The European Central Bank looks set to keep interest rates on hold for the 15th month running on Thursday with the focus of attention its view on an economic recovery that remains in a delicate phase.

After a run of strong euro zone data and the success of bank stress tests in calming markets somewhat, ECB President Jean-Claude Trichet is expected to reaffirm that rates remain appropriate, bolstering expectations they will remain on hold well into next year.

The ECB's 22 policymakers started their meeting on schedule at 0700 GMT. Its post-rate decision news conference will be studied for signs of whether the ECB sees the euro-zone economy maintaining recent signs of improvement.

Trichet should be in a sunny mood. The data have continued to improve and the euro zone's sovereign debt troubles have moved out of the spotlight, said Societe Generale economist Klaus Baader.

The stress tests, which the ECB had a major hand in, can also be seen as quite a success. Bank stocks have been rising, and the increased level of transparency has certainly been welcomed.

Trichet will also be pushed for an early hint on whether banks will continue to have access to unlimited ECB cash for the rest of the year, past the current deadline of October.

The decision is more likely to be held back until next month but prolonging full allotment, especially for longer-term three-month lending operations, would reassert downward pressure on money market rates, which have been rising since the end of March. EURIBOR=

Analysts say better-than-expected stress tests results have already sparked improvement on bank-to-bank lending markets, with higher turnover in short-dated loans, in a hopeful sign that banks can cope with less ECB funding.

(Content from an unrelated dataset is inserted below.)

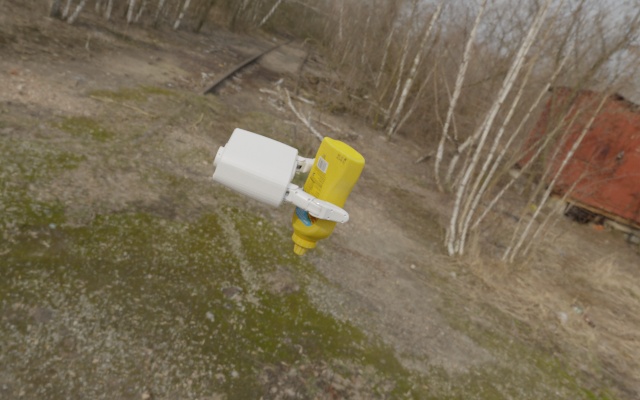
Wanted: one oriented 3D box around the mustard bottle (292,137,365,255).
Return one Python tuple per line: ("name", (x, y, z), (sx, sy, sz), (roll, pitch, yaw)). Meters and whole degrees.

The preannounced three-month operation in September will be the last with full allotment. Subsequent three-month operations will go back to being variable-rate tenders, said Baader.

The rise in interbank rates has been supported by banks scaling back their intake of ECB loans and on market expectations the central bank will continue phasing out its support measures.

Citi economist Juergen Michels said Trichet would maintain the relaxed stance he took last month on the steady upwards march in interbank rates.

Trichet is likely to describe the increase in rates as a consequence of the will of banks to tap less of the still unlimited funds available, he said. 


The ECB chief's tone on the state of the economy will be closely monitored by ECB watchers.

In sharp contrast to U.S. indicators, which suggest the post-recession recovery may be flagging, data in the 16-nation euro zone has continued to outperform since the ECB's July meeting.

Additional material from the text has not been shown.